On Wednesday, at the COP 26 confab in Glasgow, a draft agreement was being circulated that called for “just transitions to net-zero emissions.” But the rhetoric doesn’t match the reality. Amid the never-ending talk about net-zero and bans on hydrocarbons, it’s essential to remember those 400 dead, those mothers, fathers, brothers, and sisters in Sierra Leone, in Lebanon, Tanzania, Kenya, and elsewhere who were burned alive.

Those people didn’t die because of climate change. They died trying to get the fuel they need to live.
Forbes

2 thoughts on “COP’s Compassion Deficit: Global Elite’s Monstrous Contempt for World’s Poorest

  1. Mike Shellenberger documents this well in “Apocalypse Never.” He remarks that the average African woman spends half her waking hours collecting and cutting wood, just to cook her family’s meals.

    Preserving poverty isn’t limited to the third world.

    Lyndon Johnson, Walter Reuther, and Sargent Shriver designed the Great Society. They started with stack-and-pack housing to concentrate drugs, crime, and poverty. Then they addicted poor families to welfare. Then they destroyed families with “No free stuff if there’s a man in the house.” This was not an accident. It was not an unforeseen consequence. It cannot be chalked up to incompetence, or simple stupidity. It was the same monstrous conspiracy to maintain poverty, for the benefit of the elites. They want their feudalism back.

    1. As repeatedly shown, members of the ‘poor lower class’ are not stupid but without them and its maintenance there would be no elite ‘upper ruling class’. The structure is historic for the purpose of money transfer. RE, like the divine rights of kings, is a fallacious construct, designed to keep ‘them’ in their place; subservient.

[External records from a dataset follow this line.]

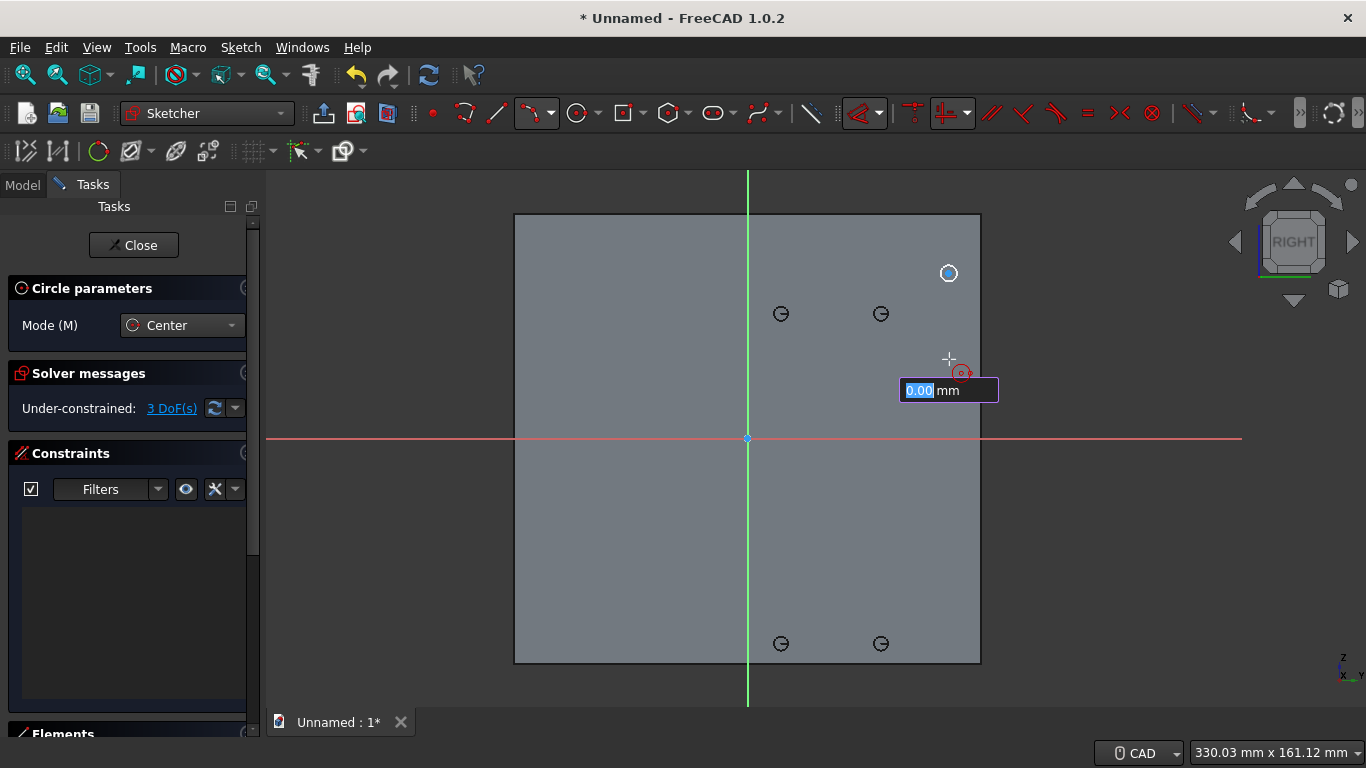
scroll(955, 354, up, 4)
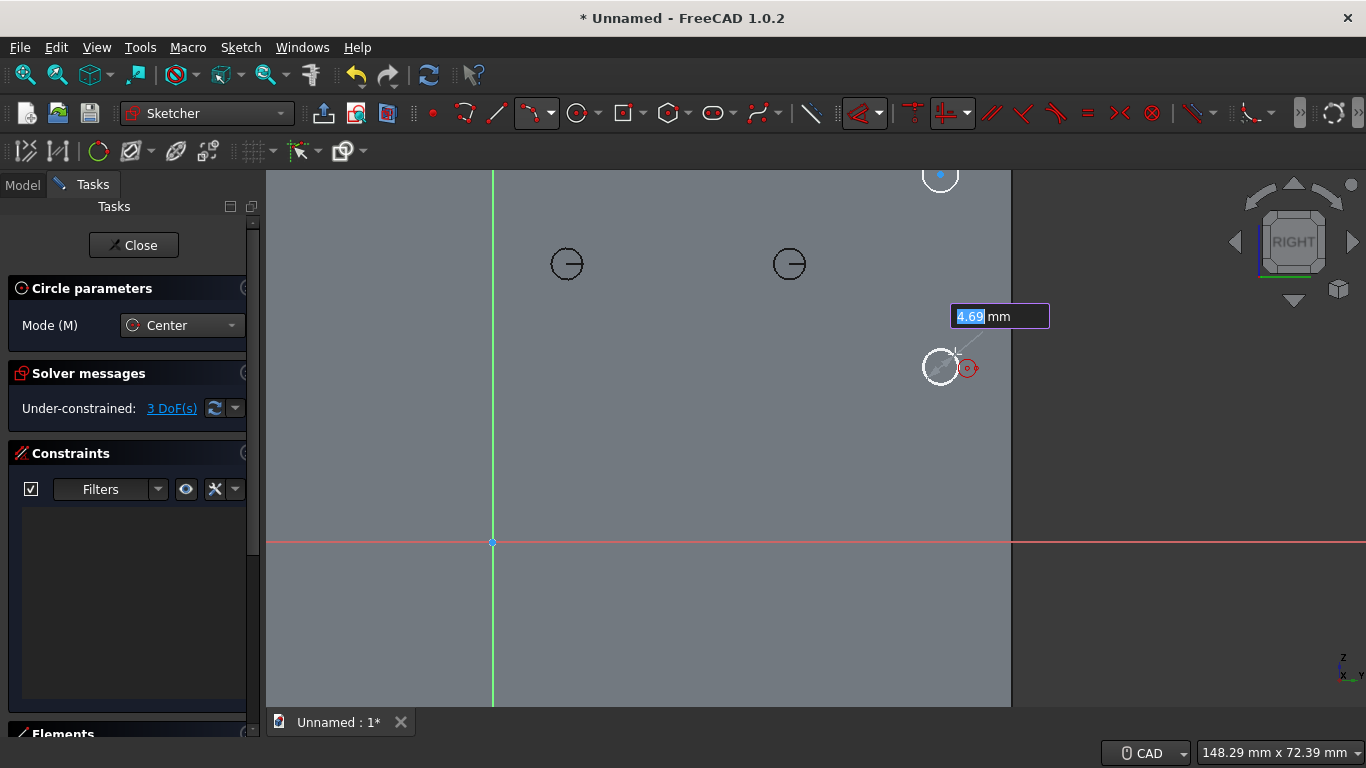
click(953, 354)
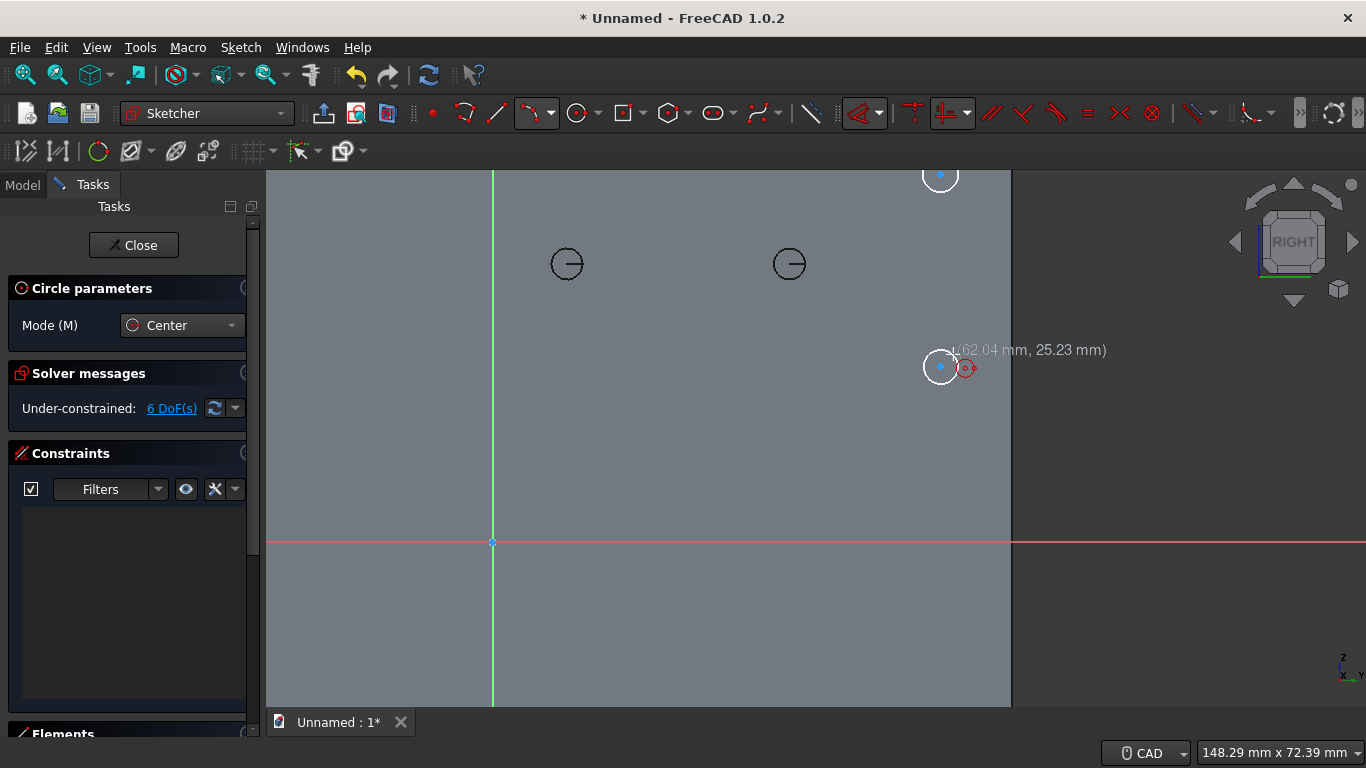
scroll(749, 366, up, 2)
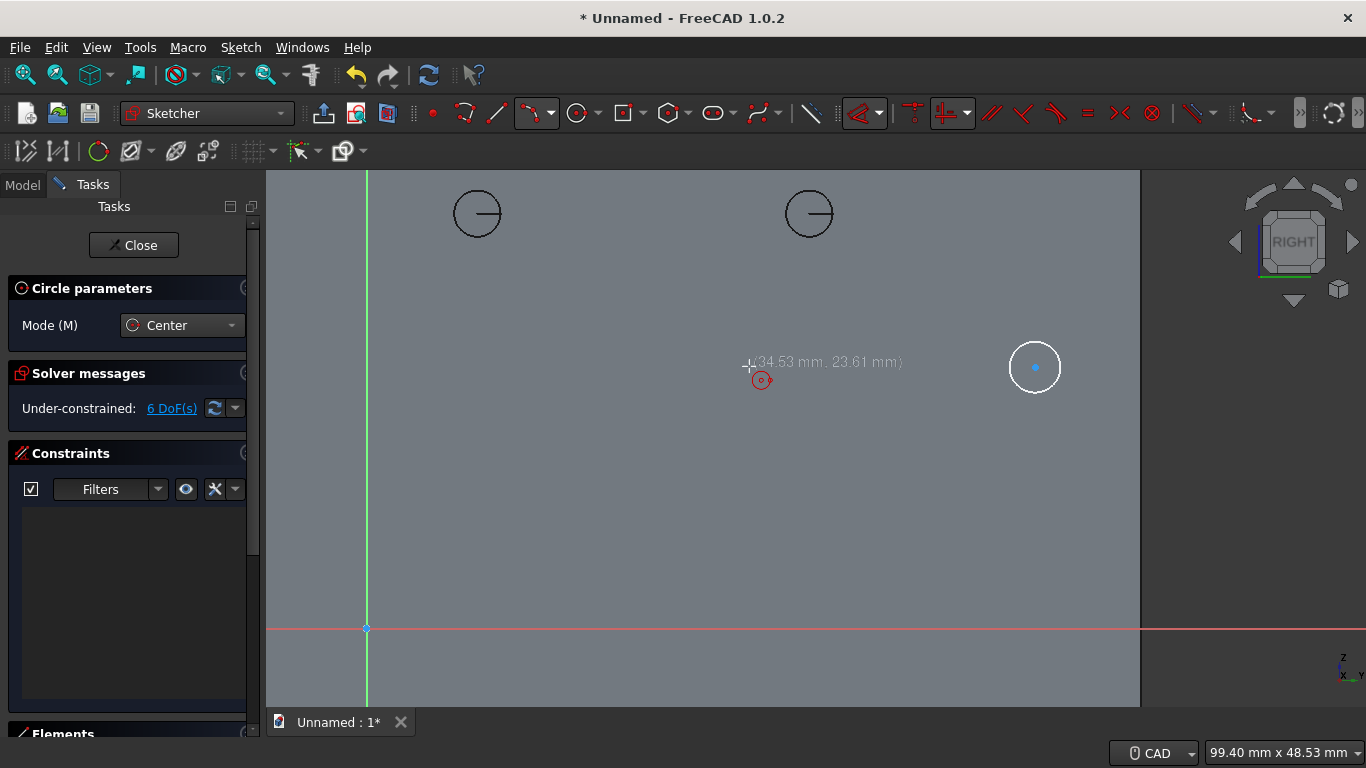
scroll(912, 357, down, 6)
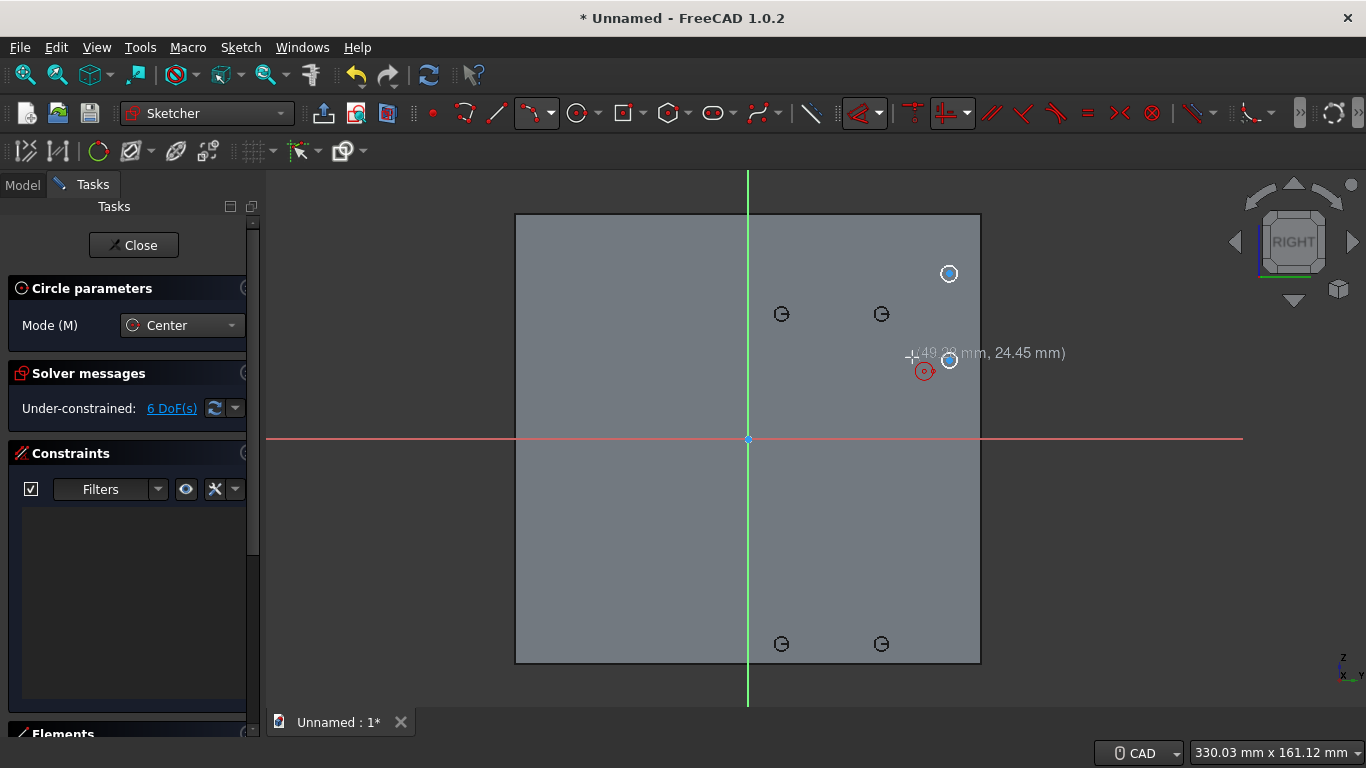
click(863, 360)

      What is interesting about RE is that gas, natural or coke generated, is being replaced by more expensive electric stoves – in the middle of cooking dinner your smart meter turns the power off – what a wonderful idea! Starve and freezing of the lower class.

      Reference to the ‘first world’ has been irrelevent for years; those below being supported by the elites are superfluous to requirements, as they always have been.

      I see no ships; I see no equality!